This work addresses the limited memory window and accumulated drift in long-sequence streaming 3D reconstruction caused by constrained recurrent state updates. The authors propose a training-free, parameter-free, closed-form frame-level scalar gating mechanism, denoted αₜ, which dynamically modulates each frame’s contribution to the recurrent state. Moving beyond existing token-level modulation, this approach enables content-aware long-term memory retention and continuously relaxes traditional SLAM keyframe selection into a frame-level adaptive update at inference time.
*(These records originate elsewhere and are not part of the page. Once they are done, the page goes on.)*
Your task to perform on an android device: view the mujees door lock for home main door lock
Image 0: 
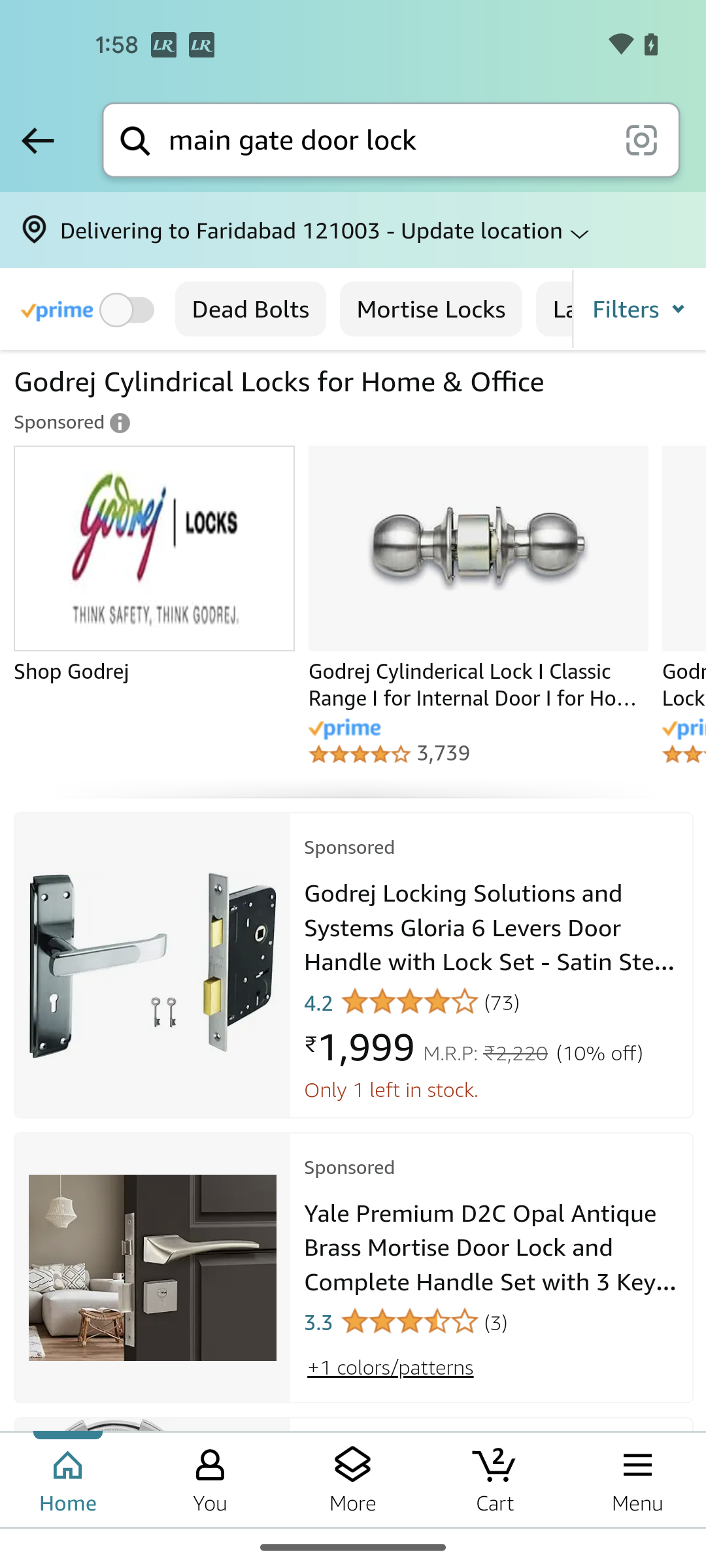
Swipe up to view the mujees door lock for home main door lock
Step 0: scroll down
Image 1: 
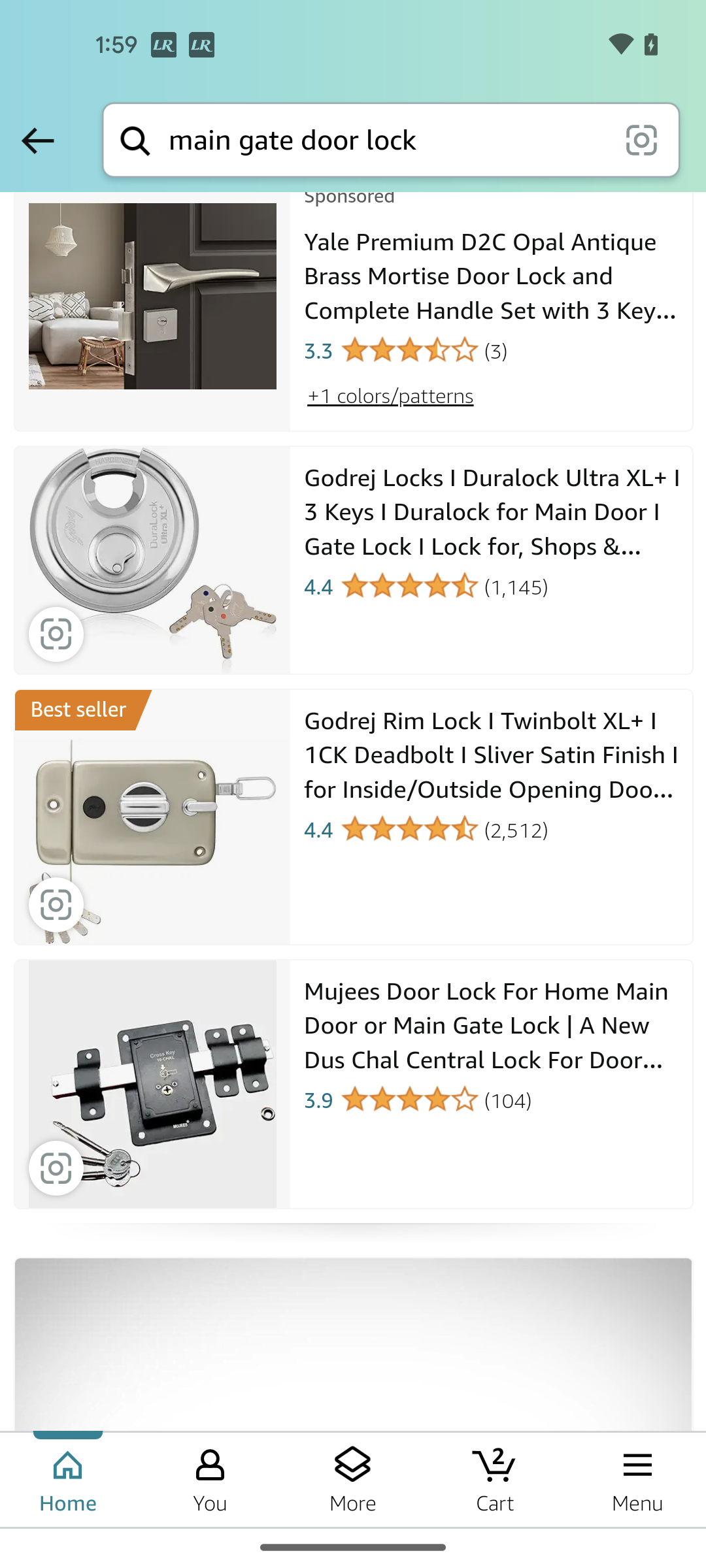
Tap on the mujees door lock for home main door lock
Step 1: click (492, 1025)

Derived from inter-frame feature variations, the gating mechanism operates within a constant-memory architecture and achieves substantial performance gains: it reduces the absolute trajectory error (ATE) by 51% on long TUM-RGBD sequences and decreases depth AbsRel by 12.8% on Bonn datasets, outperforming current methods across six benchmarks including KITTI.

Streaming 3D reconstruction under a strict constant-memory budget hinges on how the recurrent state is updated as the stream evolves. We profile TTT3R-style per-token gates across five benchmarks and discover a structural bottleneck: the gate is intrinsically bounded in magnitude (median $0.31$; never exceeding $0.6$) and nearly frame-invariant, yielding an effective memory horizon of only $\sim$3 frames per state token, which serves as the structural origin of long-sequence drift. We trace this to a missing axis: existing inference-time methods modulate updates only at the per-token, intra-frame level, while the orthogonal frame-level question of \emph{how strongly each frame should contribute to the state} has been treated as content-independent. We close this gap with a scalar frame-level gate $α_t \in (0, 1]$ derived in closed form from frame-to-frame changes of internal features -- a continuous relaxation of classical Simultaneous Localization and Mapping (SLAM) keyframe selection that requires no parameters, no training, and no extra forward pass. Across six benchmarks spanning camera pose, video depth, and 3D reconstruction at sequence lengths up to $4,541$ frames, our gate cuts ATE by $51\%$ on long TUM-RGBD pose sequences, reduces AbsRel by $12.8\%$ on Bonn video depth, and on KITTI long-sequence pose estimation surpasses both LongStream and Keyframe-VO, while retaining strictly constant memory at zero training cost.